__Exercise description__
A single number is the answer: the count of lines below that contain "listed".

[Data extracted from a collection]
※
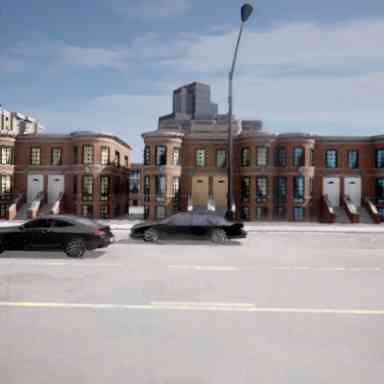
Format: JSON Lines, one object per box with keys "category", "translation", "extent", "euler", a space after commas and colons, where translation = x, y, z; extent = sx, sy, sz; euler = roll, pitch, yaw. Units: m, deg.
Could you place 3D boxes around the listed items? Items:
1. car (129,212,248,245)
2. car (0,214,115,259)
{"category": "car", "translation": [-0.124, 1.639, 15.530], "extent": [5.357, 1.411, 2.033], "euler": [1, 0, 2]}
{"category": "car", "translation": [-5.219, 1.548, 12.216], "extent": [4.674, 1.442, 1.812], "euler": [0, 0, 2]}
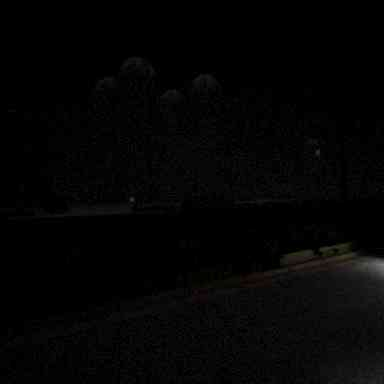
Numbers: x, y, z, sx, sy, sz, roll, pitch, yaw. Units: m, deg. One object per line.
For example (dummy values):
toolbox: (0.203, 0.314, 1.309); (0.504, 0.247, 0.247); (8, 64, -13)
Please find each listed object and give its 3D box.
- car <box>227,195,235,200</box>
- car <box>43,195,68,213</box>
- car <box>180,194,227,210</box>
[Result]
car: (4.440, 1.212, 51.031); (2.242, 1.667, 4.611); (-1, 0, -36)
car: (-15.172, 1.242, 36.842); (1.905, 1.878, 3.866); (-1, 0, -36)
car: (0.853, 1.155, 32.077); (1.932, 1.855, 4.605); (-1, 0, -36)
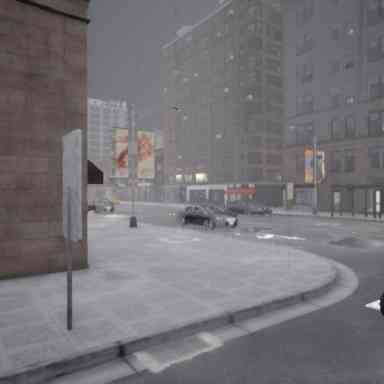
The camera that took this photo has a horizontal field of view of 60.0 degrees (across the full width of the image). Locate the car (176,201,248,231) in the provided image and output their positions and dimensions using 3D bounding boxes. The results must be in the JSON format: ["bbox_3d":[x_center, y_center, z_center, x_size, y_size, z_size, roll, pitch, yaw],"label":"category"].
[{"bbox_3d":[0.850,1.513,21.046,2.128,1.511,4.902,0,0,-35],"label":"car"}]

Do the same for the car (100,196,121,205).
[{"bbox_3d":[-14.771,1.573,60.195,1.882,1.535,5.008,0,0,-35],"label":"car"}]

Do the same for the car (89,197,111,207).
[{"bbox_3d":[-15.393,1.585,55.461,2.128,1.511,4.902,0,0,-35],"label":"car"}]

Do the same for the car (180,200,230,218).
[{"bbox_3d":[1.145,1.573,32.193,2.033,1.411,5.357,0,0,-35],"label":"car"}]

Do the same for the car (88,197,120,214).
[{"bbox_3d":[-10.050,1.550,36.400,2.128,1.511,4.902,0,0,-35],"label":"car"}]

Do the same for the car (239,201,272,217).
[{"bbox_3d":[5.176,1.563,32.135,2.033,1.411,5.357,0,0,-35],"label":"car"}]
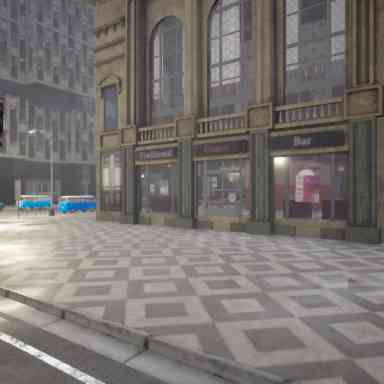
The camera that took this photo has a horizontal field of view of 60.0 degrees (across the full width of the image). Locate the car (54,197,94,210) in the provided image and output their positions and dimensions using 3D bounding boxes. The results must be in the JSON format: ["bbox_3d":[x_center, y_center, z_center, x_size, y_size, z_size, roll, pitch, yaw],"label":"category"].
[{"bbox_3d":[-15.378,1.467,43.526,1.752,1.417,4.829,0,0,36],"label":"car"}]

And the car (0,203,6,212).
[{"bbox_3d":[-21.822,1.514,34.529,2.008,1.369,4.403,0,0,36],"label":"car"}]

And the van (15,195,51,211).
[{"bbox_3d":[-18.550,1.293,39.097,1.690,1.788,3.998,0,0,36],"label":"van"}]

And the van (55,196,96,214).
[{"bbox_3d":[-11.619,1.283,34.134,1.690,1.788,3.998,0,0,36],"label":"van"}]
※
__Problem solution__
2